Write out again the entries from the first line to the line that includes "#5 rack shelf at [582, 324, 768, 564]", keeping both of those lines.

BEGIN Data

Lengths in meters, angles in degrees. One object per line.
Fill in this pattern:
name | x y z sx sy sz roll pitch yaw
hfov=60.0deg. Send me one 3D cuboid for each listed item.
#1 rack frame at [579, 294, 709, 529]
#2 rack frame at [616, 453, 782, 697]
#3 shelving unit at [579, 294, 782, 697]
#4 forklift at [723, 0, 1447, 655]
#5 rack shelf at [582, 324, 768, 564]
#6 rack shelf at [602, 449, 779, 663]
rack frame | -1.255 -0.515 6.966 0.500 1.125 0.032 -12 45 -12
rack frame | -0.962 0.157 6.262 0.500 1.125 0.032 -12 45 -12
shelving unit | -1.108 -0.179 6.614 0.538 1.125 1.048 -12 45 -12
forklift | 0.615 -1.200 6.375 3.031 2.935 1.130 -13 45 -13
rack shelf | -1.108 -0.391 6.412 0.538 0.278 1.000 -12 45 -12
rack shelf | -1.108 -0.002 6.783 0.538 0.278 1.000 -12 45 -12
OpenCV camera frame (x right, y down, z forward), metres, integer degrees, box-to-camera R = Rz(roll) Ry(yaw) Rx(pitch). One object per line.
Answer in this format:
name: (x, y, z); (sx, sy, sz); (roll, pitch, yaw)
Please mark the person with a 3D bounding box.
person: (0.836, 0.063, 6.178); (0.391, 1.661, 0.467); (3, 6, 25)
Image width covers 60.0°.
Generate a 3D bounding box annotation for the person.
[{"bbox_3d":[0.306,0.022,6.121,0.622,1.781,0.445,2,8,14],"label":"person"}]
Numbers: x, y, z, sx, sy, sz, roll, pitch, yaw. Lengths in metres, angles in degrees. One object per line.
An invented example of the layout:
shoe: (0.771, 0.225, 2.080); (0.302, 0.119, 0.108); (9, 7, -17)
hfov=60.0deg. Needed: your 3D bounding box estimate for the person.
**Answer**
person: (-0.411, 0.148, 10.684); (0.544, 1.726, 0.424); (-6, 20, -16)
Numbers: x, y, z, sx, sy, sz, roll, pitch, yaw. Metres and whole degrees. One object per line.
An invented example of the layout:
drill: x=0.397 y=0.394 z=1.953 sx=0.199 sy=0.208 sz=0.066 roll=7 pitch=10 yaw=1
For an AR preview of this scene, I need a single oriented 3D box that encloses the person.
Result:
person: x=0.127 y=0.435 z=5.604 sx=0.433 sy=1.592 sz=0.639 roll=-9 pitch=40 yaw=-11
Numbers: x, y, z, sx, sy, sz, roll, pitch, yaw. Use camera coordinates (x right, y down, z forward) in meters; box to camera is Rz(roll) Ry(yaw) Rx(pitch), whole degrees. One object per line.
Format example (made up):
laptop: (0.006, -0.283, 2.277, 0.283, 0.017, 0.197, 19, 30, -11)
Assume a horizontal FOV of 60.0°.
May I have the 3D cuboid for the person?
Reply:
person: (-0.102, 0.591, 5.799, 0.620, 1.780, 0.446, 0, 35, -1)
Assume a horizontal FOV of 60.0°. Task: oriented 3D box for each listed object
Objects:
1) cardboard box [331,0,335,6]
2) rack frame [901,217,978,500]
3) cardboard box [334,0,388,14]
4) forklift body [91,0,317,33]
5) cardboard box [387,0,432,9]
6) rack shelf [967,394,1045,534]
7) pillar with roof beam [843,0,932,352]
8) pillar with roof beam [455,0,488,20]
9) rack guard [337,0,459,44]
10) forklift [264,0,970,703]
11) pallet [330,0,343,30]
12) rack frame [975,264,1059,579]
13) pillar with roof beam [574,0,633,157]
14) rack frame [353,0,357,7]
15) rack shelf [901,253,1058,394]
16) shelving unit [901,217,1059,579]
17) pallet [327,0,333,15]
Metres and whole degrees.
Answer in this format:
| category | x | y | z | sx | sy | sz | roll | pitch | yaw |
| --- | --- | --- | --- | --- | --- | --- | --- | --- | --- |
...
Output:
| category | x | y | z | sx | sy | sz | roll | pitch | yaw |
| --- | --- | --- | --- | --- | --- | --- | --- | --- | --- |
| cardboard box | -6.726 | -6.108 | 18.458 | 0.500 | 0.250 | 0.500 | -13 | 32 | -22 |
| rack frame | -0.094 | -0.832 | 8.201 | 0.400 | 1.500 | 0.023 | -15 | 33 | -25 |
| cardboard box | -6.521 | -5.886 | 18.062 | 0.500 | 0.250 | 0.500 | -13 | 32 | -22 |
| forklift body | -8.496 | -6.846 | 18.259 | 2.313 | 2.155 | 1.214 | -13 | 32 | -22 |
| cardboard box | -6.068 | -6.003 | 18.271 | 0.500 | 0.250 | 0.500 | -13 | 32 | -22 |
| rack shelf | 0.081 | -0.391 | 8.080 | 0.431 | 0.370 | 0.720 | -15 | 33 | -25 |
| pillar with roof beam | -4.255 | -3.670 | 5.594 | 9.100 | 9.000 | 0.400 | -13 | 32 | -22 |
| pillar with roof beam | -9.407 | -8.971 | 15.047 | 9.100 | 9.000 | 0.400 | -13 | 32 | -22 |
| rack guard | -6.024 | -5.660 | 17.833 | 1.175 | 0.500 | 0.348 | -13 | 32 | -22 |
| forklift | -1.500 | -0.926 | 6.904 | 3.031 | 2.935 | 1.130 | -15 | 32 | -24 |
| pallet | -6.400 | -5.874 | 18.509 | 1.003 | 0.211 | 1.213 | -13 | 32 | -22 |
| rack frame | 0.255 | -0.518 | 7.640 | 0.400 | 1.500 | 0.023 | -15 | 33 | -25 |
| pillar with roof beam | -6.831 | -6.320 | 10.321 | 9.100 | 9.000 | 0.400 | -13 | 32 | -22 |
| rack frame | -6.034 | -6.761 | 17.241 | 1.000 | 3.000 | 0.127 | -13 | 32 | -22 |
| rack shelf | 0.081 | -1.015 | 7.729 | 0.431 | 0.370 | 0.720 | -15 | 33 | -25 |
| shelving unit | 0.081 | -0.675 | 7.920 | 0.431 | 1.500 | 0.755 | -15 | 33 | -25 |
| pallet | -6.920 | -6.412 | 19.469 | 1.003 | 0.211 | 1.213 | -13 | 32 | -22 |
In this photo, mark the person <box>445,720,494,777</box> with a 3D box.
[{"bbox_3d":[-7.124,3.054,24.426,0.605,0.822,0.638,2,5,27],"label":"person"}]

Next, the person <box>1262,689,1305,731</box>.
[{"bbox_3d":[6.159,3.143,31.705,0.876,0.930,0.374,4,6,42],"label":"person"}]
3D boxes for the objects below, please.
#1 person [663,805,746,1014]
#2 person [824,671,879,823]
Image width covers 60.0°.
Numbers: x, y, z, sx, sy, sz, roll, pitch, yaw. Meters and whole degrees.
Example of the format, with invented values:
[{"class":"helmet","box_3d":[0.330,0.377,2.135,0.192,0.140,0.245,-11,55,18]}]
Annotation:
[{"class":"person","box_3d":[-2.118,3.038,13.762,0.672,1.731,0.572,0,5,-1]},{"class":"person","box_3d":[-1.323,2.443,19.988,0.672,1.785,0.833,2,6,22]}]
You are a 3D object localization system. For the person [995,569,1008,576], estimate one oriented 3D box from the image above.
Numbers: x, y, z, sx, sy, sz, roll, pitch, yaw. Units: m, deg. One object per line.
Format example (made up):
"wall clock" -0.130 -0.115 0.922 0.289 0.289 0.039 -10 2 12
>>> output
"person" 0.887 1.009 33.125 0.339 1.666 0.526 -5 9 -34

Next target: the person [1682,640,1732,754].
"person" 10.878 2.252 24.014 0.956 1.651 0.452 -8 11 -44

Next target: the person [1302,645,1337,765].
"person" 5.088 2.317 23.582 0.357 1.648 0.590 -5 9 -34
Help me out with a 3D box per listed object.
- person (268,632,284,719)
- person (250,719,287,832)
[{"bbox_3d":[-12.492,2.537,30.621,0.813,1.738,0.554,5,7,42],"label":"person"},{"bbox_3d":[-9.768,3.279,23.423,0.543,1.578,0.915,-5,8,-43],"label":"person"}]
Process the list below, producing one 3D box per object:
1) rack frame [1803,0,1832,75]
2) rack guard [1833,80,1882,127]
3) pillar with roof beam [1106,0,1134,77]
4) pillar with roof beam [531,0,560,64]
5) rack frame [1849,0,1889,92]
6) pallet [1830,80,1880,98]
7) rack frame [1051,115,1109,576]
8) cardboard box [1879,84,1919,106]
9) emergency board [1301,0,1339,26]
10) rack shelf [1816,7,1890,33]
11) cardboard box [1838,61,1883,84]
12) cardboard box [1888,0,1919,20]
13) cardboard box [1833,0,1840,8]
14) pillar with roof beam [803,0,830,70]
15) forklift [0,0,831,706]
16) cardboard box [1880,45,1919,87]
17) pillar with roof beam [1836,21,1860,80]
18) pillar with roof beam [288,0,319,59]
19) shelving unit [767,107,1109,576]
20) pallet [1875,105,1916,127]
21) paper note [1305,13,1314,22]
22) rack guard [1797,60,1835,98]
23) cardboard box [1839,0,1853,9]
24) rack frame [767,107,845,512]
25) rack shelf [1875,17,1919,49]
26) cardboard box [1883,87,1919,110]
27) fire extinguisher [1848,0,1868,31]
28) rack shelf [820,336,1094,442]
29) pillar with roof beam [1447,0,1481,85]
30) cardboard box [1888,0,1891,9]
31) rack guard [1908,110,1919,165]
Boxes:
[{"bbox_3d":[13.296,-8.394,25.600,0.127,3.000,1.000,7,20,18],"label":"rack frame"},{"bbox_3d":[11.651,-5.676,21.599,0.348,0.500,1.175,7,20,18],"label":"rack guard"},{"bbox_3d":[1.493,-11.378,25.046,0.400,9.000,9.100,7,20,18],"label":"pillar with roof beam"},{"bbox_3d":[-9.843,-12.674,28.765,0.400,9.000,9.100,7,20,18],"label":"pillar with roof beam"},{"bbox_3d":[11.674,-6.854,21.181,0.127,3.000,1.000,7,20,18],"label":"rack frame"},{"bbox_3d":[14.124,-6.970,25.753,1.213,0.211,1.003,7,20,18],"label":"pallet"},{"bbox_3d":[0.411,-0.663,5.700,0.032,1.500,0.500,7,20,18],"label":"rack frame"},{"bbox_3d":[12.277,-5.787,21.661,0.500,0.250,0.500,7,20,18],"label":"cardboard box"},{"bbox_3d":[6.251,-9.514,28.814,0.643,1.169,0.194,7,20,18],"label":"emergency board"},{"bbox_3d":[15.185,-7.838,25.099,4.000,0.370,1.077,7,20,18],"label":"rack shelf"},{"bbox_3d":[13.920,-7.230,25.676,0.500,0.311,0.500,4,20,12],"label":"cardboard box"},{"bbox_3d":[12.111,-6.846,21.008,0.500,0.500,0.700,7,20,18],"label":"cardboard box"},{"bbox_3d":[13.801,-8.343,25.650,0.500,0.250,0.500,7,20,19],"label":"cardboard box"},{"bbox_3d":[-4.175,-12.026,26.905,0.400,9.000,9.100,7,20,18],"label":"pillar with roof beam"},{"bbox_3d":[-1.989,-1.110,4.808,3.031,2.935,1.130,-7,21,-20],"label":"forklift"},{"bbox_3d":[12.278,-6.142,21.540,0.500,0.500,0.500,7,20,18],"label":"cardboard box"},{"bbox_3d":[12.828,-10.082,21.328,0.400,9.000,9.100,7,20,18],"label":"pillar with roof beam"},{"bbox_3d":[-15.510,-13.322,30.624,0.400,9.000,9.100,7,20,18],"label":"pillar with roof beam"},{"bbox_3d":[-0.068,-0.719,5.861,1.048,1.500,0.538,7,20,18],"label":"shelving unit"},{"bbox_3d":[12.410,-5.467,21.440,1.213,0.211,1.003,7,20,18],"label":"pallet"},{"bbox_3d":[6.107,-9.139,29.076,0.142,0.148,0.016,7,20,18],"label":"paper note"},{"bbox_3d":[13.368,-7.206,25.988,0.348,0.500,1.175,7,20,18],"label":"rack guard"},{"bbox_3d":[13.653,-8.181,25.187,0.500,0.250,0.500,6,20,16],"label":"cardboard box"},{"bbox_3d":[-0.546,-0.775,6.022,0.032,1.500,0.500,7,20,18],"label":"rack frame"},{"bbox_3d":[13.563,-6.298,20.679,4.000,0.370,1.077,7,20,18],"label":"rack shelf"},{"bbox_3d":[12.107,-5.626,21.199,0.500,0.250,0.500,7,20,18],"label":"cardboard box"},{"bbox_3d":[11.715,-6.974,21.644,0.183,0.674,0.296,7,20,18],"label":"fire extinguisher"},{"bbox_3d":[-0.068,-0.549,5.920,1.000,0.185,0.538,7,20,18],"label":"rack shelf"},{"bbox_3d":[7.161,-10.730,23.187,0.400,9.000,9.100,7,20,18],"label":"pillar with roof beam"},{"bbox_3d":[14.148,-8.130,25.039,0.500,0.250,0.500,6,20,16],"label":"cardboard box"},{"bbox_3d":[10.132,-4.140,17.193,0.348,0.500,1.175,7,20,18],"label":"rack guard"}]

END Data

*Solution to this problem*
Lengths in meters, angles in degrees. One object per line.
Fill in this pattern:
name | x y z sx sy sz roll pitch yaw
hfov=60.0deg. Send me one 3D cuboid for each listed item.
#1 rack frame at [579, 294, 709, 529]
#2 rack frame at [616, 453, 782, 697]
#3 shelving unit at [579, 294, 782, 697]
#4 forklift at [723, 0, 1447, 655]
#5 rack shelf at [582, 324, 768, 564]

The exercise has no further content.